Stored data entries:
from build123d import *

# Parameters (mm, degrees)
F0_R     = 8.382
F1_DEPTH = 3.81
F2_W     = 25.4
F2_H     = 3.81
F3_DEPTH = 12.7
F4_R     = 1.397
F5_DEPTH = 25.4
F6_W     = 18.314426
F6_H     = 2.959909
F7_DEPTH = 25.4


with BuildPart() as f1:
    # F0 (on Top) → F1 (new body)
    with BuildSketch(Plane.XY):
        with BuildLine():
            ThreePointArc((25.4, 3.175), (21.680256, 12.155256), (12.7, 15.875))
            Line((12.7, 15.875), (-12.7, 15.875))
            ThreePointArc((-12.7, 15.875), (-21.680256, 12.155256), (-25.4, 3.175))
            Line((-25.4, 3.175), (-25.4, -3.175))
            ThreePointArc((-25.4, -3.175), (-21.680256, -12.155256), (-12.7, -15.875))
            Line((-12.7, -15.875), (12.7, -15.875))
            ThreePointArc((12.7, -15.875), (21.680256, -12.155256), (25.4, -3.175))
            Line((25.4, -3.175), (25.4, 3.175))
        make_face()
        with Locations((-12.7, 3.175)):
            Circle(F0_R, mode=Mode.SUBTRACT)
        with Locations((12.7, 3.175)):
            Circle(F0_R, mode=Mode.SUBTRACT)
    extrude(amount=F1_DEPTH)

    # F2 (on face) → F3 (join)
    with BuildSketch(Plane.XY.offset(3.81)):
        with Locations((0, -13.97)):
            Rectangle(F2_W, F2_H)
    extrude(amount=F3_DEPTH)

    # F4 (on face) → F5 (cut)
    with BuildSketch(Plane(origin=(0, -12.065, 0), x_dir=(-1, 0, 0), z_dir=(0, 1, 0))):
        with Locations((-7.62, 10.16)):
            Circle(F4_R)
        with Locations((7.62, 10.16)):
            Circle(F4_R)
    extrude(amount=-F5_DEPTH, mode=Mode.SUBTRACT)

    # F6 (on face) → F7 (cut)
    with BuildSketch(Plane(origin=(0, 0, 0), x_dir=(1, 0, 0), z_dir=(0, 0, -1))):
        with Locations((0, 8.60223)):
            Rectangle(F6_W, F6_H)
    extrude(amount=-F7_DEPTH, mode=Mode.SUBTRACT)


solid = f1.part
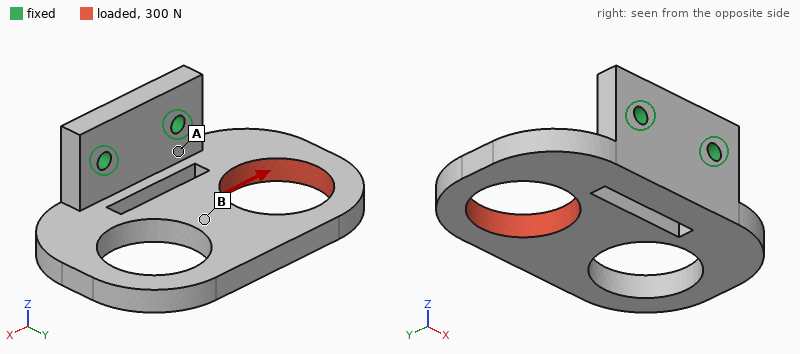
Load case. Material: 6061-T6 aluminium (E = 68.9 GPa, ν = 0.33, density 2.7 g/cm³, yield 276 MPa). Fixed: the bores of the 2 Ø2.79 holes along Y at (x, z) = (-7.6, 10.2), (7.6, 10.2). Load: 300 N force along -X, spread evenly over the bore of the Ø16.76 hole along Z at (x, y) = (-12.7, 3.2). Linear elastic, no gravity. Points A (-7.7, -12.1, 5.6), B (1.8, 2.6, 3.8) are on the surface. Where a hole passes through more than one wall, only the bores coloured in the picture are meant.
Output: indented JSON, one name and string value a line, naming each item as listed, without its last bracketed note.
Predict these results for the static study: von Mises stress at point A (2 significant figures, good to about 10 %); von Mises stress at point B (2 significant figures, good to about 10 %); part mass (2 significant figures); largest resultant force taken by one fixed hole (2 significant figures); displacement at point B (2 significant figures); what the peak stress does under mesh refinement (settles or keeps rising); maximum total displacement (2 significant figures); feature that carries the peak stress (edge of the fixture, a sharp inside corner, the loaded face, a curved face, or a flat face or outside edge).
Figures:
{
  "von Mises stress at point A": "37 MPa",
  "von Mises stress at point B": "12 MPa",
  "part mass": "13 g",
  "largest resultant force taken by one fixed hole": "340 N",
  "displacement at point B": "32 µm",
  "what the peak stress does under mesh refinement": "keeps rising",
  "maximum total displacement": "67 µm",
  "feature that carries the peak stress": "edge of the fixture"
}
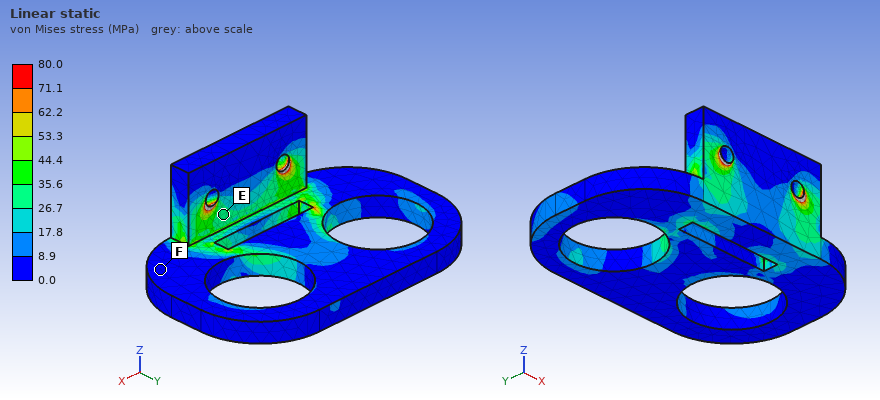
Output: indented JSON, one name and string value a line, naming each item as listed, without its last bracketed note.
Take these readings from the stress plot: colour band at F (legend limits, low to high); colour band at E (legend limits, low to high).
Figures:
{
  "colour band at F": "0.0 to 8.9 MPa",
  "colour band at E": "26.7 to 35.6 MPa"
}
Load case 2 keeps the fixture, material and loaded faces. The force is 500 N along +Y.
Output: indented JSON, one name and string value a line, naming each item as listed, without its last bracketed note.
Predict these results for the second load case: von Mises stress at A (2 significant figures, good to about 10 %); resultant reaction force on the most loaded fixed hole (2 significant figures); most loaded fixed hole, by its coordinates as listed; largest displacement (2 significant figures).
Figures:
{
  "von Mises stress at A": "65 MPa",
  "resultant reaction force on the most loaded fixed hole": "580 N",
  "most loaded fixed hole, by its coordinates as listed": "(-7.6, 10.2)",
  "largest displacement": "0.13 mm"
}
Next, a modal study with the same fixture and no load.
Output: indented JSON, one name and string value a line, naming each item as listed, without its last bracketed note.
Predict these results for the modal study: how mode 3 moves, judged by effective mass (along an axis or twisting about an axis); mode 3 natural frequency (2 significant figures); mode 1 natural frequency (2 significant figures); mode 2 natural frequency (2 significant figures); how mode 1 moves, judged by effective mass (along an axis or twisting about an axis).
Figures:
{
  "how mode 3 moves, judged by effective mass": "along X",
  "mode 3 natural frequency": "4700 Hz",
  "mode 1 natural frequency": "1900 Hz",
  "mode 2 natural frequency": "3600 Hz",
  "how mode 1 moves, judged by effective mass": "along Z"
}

==

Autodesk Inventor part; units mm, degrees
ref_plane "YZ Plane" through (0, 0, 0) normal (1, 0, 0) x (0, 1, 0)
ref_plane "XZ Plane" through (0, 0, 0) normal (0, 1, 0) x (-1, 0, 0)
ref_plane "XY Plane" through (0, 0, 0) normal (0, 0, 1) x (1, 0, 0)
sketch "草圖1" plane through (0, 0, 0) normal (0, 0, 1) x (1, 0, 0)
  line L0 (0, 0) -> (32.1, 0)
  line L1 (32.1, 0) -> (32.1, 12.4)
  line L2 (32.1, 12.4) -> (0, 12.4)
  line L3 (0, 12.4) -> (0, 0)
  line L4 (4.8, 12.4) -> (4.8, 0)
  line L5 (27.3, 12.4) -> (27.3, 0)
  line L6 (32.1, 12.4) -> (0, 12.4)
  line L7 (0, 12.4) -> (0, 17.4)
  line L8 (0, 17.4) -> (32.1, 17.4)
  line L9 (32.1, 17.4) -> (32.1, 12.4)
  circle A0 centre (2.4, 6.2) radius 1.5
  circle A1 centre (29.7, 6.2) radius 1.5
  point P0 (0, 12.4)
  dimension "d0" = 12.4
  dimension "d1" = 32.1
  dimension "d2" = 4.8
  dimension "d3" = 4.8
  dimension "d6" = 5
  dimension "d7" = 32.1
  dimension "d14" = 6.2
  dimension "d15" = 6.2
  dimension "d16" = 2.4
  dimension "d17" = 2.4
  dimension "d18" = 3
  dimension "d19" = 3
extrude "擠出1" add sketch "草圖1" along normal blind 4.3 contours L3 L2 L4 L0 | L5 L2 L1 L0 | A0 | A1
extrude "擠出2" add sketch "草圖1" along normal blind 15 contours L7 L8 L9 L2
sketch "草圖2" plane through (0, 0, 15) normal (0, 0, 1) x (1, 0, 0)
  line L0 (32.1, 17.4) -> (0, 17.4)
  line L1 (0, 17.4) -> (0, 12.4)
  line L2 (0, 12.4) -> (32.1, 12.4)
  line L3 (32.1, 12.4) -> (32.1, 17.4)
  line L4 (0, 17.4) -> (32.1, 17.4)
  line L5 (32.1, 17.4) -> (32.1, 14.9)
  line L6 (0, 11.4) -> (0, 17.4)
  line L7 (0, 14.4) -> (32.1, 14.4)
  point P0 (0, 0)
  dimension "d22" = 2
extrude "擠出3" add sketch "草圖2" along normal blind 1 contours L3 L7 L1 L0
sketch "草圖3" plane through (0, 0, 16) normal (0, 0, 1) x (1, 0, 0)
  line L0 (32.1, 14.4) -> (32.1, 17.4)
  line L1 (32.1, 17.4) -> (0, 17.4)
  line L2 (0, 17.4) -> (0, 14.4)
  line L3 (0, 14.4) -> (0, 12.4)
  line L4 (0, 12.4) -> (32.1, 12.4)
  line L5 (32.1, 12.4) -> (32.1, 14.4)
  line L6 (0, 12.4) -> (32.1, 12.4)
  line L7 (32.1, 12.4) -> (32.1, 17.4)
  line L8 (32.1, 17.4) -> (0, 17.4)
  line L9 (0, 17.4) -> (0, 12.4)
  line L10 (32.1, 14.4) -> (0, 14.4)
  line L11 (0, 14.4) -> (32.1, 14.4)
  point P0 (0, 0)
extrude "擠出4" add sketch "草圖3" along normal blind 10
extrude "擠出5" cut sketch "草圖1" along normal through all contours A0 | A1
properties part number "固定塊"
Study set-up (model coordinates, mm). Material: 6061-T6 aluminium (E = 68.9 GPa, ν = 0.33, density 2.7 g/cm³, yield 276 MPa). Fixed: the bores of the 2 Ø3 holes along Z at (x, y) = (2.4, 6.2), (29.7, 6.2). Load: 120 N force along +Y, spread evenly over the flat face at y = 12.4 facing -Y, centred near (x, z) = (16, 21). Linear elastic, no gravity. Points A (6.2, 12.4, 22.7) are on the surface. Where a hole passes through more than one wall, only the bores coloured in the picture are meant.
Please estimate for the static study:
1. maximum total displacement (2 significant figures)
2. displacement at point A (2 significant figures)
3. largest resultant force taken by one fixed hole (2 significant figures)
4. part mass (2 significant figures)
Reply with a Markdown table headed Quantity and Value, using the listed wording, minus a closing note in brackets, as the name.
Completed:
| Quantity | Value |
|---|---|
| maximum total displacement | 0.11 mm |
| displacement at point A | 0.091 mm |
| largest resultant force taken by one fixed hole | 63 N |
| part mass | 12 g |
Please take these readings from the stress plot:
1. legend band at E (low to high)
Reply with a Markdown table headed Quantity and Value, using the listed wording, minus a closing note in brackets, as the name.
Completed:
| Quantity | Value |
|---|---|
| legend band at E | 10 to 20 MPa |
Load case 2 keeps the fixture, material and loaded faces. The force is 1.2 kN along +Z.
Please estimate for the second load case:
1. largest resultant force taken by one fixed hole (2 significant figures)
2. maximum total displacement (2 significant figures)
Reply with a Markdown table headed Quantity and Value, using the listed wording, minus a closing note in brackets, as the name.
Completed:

■ **Directions**
From the records above, repeat exactly the lines from the one with "line L10 (32.1, 14.4) -> (0, 14.4)" through the one with "properties part number", both included.

■ **Completed task**
  line L10 (32.1, 14.4) -> (0, 14.4)
  line L11 (0, 14.4) -> (32.1, 14.4)
  point P0 (0, 0)
extrude "擠出4" add sketch "草圖3" along normal blind 10
extrude "擠出5" cut sketch "草圖1" along normal through all contours A0 | A1
properties part number "固定塊"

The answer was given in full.